AppWorx, Dollar Universe and Sysload Community

 View Only
  • 1.  $U Web Manager unable to use windows cert keystore

    Posted Oct 07, 2019 05:12 AM
    ​$U 6.9.61 Windows 2012 R2 64 bit

    Using $U Web manager to call REST API endpoints. When the API endpoints are running http this is fine but when some of the APIs are running https the message 'Peer not authenticated is appearing in the log'.

    Usually this message just means that the certificate for the API server needs to be added to the java keystore. When this was done with JEE restart, in fact the server hosting $U was restarted, the same peer not authenticated message was received.

    From the manual it indicates that an external keystore needs to be used to allow this trust. It is possible to hit the target URL using IE on the box so it would be good if $U Web Manager could use the windows keystore.

    Unfortuately so far any attempts to use an external keystore (out with the java keystore) have been unsuccessful.

    Has anyone come across a similar issue and have a solution.

    As an aside a powershell script will resolve this issue however development up to this point has been with the $U web manager  so would rather continue with that rather than some redesign work.

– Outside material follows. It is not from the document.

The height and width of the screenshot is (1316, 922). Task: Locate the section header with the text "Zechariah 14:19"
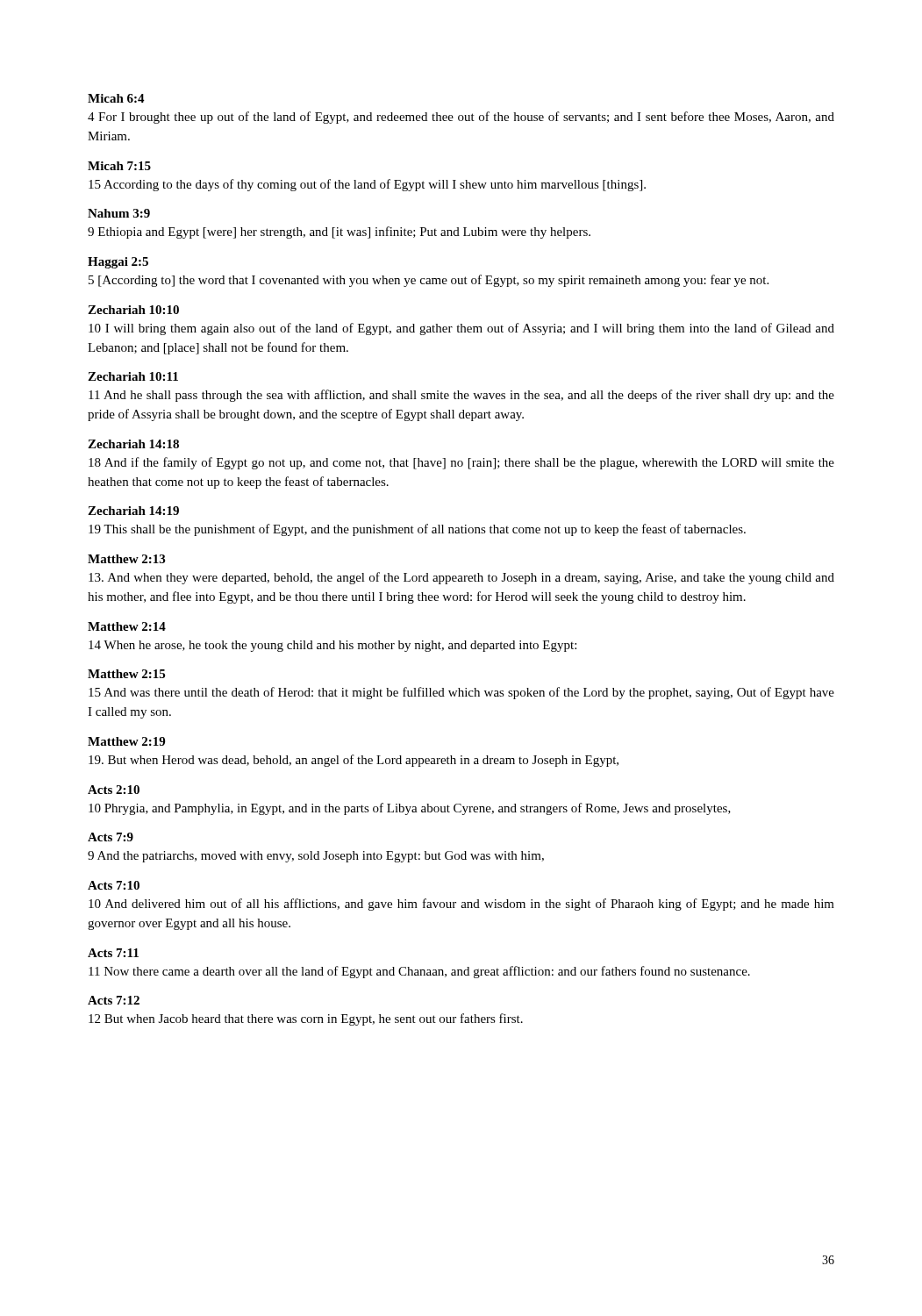pos(133,511)

  • 2.  RE: $U Web Manager unable to use windows cert keystore

    Broadcom Employee
    Posted Oct 14, 2019 05:30 AM
    Hi,

    It should work, but you can verify which keystore is used by tracing the start of the Manager.

    A way to have more information is to update unisrv.bat of the Manager:
    - Add -Djavax.net.debug=all before all -jar in the script (should be 3)
    - Replace 
    if not defined LAUNCHCMD (
       "%UNI_DIR_EXEC%\unilogmsg" 2 0 "unisrv" NOALGO  "Unable to start server with code: %SERVER_CODE%"
       exit /b 1
    )
    %LAUNCHCMD%
    by
     
    if not defined LAUNCHCMD (
       "%UNI_DIR_EXEC%\unilogmsg" 2 0 "unisrv" NOALGO  "Unable to start server with code: %SERVER_CODE%"
       exit /b 1
    )

    "%UNI_DIR_EXEC%\unilogmsg" 4 0 "unisrv" NOALGO  "Executing command %LAUNCHCMD%"
    if ."%SERVER_CODE%".==."JEE". (
       %LAUNCHCMD% > C:\temp\trace.out 2>&1
    )
    if not ."%SERVER_CODE%".==."JEE". (
       %LAUNCHCMD%
    )
     
    - and restart the Manager 

    That way, you will have more information in the trace.out especially the java keystore.

    Regards,



  • 3.  RE: $U Web Manager unable to use windows cert keystore

    Posted Oct 14, 2019 10:32 AM
    Edited by Opal Salter Oct 16, 2019 07:44 AM
    Facing same issue.


  • 4.  RE: $U Web Manager unable to use windows cert keystore
    Best Answer

    Broadcom Employee
    Posted Oct 14, 2019 11:23 AM
    Sure, this is just a way to trace the Manager to check keystrores used, not to solve the issue. I recommend you to open a case and give these traces to support team.